____ SOURCE RECORDS

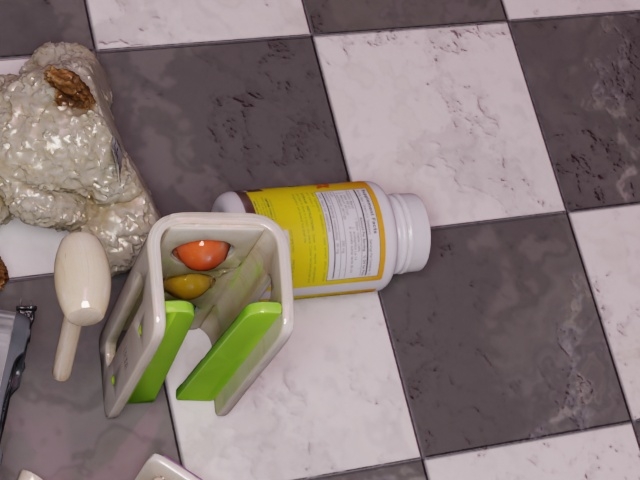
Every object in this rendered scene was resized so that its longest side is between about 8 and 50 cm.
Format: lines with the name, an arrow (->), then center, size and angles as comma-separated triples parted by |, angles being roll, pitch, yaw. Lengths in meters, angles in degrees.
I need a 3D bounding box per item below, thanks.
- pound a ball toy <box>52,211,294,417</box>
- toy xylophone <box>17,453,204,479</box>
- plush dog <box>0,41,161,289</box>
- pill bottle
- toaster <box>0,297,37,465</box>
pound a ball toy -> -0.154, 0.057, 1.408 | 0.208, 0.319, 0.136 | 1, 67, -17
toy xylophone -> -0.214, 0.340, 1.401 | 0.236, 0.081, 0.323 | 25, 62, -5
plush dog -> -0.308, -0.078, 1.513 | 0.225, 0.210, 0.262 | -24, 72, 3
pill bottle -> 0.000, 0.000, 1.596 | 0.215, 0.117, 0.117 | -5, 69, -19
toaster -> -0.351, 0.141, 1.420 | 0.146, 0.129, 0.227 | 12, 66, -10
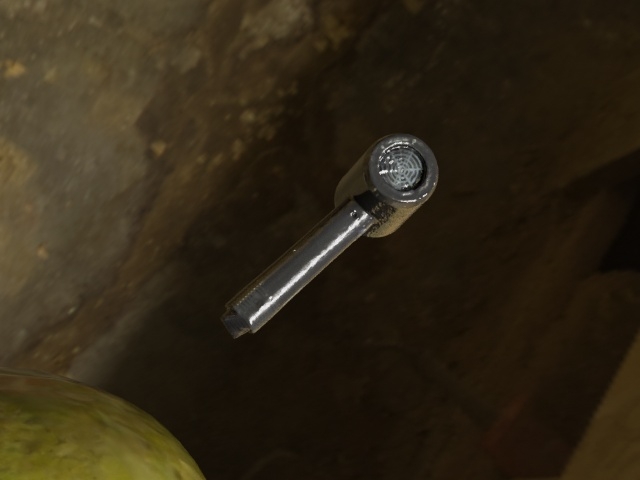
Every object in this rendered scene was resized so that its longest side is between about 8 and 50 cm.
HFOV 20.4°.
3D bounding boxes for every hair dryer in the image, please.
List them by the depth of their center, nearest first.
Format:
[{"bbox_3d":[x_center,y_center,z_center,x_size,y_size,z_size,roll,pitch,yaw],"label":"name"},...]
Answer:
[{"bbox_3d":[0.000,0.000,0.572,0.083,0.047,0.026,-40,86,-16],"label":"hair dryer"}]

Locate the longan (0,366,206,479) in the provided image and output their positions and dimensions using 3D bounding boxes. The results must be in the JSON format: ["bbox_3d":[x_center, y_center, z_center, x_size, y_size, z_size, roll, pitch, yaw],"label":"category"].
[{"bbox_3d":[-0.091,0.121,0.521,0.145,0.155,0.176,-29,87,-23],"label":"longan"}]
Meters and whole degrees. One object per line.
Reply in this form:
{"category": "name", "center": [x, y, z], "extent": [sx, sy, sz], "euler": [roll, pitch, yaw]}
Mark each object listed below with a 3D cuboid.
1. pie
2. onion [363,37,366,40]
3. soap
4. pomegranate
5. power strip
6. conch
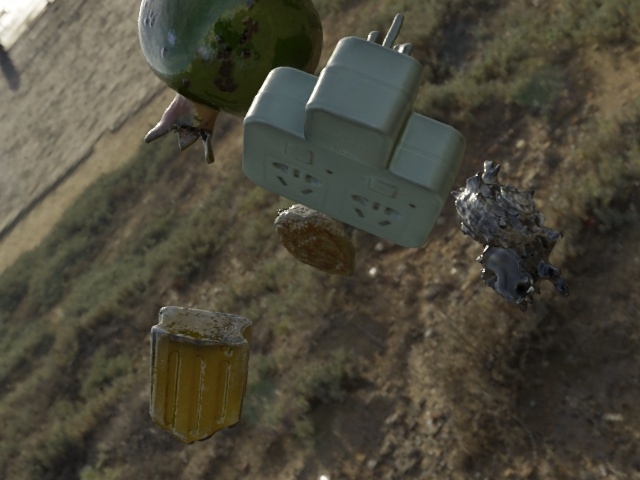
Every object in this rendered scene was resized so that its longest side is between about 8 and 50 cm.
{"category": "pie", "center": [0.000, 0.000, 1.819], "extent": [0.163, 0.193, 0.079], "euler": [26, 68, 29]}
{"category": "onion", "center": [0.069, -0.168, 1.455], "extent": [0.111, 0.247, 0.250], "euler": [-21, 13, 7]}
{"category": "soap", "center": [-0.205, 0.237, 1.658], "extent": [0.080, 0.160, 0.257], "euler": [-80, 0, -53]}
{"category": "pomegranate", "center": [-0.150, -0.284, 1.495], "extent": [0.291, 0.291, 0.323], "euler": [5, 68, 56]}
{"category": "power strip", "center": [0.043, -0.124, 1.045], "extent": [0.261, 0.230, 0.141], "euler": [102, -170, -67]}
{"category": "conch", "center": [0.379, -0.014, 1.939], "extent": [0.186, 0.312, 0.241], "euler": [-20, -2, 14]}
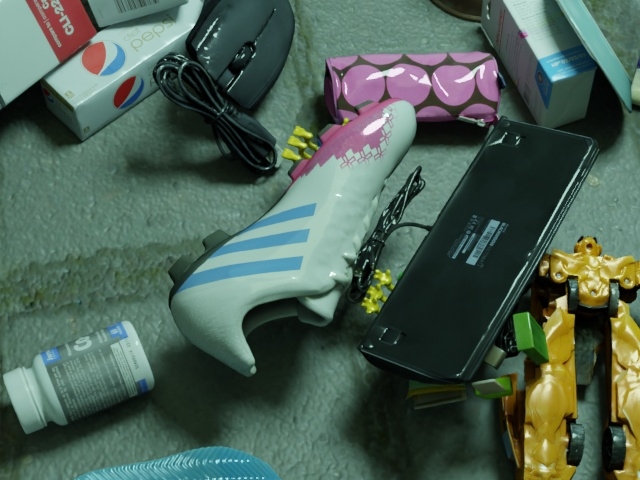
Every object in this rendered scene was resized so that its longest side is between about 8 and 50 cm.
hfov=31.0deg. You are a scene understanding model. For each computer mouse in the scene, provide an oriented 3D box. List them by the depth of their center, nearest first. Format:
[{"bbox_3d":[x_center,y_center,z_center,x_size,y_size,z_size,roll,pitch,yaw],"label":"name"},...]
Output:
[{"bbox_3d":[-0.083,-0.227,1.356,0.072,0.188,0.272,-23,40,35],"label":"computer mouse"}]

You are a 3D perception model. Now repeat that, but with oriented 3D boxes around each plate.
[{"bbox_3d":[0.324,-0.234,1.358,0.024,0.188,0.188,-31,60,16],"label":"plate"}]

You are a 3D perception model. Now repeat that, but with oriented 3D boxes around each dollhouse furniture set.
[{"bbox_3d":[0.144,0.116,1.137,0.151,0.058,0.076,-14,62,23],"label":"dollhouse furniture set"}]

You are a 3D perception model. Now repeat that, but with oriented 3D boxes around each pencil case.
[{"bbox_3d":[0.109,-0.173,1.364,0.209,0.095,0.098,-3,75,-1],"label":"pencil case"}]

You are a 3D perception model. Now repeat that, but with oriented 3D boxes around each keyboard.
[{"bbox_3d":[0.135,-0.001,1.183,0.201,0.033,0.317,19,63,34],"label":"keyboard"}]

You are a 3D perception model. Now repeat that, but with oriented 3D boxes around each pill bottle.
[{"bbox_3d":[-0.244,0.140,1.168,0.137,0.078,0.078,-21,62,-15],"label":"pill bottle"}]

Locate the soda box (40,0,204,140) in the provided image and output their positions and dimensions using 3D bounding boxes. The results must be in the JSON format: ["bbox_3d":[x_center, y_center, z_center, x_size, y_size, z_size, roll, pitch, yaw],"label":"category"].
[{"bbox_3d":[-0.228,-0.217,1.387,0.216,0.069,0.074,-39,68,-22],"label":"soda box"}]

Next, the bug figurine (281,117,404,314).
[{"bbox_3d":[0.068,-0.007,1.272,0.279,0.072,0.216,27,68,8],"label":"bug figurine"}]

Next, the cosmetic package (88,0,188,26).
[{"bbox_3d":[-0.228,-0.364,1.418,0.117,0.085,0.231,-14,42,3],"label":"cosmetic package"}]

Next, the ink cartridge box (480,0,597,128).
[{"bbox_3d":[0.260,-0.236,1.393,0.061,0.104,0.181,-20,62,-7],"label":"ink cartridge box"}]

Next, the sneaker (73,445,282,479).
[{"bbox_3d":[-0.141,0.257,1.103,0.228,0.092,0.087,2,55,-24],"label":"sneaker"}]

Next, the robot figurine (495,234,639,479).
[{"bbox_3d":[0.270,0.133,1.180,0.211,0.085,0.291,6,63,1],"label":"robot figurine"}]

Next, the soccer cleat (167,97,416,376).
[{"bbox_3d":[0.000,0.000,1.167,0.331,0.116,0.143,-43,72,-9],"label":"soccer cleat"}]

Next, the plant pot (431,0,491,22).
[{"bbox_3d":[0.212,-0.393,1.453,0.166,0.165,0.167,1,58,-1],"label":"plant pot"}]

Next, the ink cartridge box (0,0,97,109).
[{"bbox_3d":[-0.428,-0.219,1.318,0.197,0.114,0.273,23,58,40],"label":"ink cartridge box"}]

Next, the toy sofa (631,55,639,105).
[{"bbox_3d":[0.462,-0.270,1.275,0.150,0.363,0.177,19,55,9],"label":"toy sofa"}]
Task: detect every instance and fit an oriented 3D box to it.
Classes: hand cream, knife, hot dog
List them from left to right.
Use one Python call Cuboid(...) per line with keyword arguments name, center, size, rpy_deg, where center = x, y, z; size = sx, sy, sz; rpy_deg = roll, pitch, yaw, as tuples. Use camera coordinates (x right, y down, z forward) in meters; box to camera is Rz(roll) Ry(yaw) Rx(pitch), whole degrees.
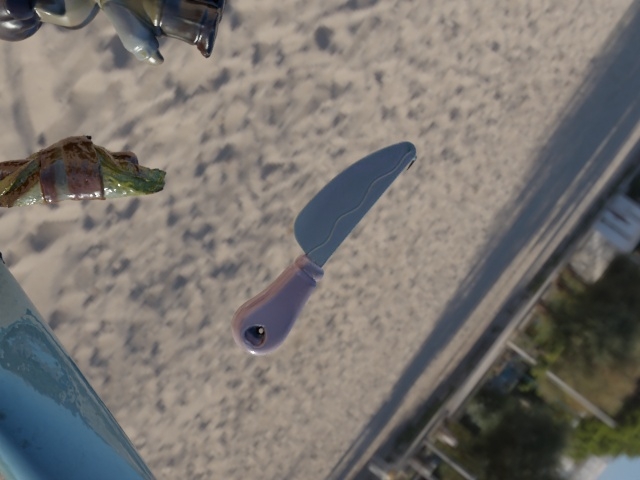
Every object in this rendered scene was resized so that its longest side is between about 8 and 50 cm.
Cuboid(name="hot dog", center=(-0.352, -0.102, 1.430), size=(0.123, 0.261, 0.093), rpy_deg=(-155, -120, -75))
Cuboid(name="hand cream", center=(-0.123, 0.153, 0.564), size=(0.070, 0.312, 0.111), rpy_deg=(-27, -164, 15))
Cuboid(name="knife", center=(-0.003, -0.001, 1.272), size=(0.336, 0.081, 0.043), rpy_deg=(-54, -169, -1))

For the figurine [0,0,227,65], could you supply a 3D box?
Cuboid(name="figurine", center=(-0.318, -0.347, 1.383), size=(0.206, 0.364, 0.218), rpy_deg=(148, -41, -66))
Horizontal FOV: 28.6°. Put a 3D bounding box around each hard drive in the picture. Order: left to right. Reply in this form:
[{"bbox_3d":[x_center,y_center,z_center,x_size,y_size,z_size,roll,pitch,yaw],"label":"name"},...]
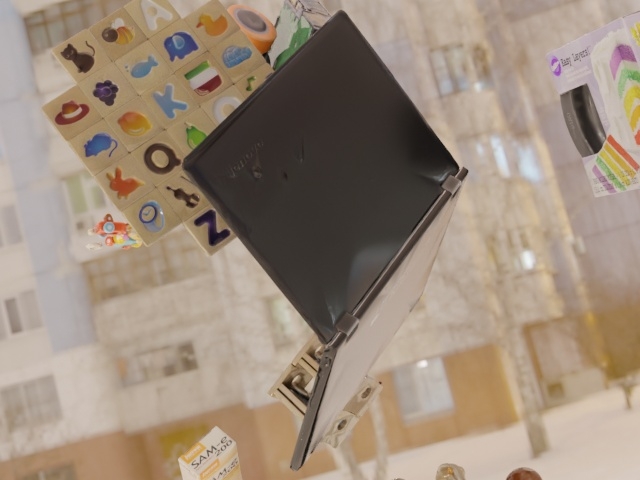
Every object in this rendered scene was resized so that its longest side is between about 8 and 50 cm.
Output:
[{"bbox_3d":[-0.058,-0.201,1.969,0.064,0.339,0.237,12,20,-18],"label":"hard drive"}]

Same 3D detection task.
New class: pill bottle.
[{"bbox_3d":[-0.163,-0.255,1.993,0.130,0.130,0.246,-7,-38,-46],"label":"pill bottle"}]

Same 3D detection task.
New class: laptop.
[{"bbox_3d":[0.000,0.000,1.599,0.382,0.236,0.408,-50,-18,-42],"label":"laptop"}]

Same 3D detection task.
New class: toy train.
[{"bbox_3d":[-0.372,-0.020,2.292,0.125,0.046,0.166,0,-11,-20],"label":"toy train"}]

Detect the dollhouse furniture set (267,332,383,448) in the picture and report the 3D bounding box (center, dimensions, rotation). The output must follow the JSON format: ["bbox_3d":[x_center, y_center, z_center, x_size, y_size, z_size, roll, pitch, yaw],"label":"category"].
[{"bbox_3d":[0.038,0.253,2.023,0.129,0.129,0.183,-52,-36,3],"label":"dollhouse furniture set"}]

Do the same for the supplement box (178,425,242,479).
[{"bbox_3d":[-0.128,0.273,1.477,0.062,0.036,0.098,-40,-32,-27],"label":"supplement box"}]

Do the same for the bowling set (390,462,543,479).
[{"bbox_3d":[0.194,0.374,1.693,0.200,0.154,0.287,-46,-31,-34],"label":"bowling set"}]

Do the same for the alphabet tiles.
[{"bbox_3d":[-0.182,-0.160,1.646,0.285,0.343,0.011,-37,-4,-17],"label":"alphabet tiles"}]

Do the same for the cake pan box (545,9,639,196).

________

DIRECTIONS FOR THIS TASK: Using the entries above, copy out all lines that contain the string "right".

OUTPUT BELOW:
List them from left to right.
Use one Python call Cuboid(...) per line with keyword arguments name, center, size, rpy_deg, where center = x, y, z; size = sx, sy, sz; rpy_deg = roll, pitch, yaw, as tuples. Use camera coordinates (x right, y down, z forward) in meters; box to camera is Rz(roll) Ry(yaw) Rx(pitch), whole degrees.
Horizontal FOV: 28.6°. Put a 3D bounding box around each hard drive in the picture. Order: left to right. Reply in this form:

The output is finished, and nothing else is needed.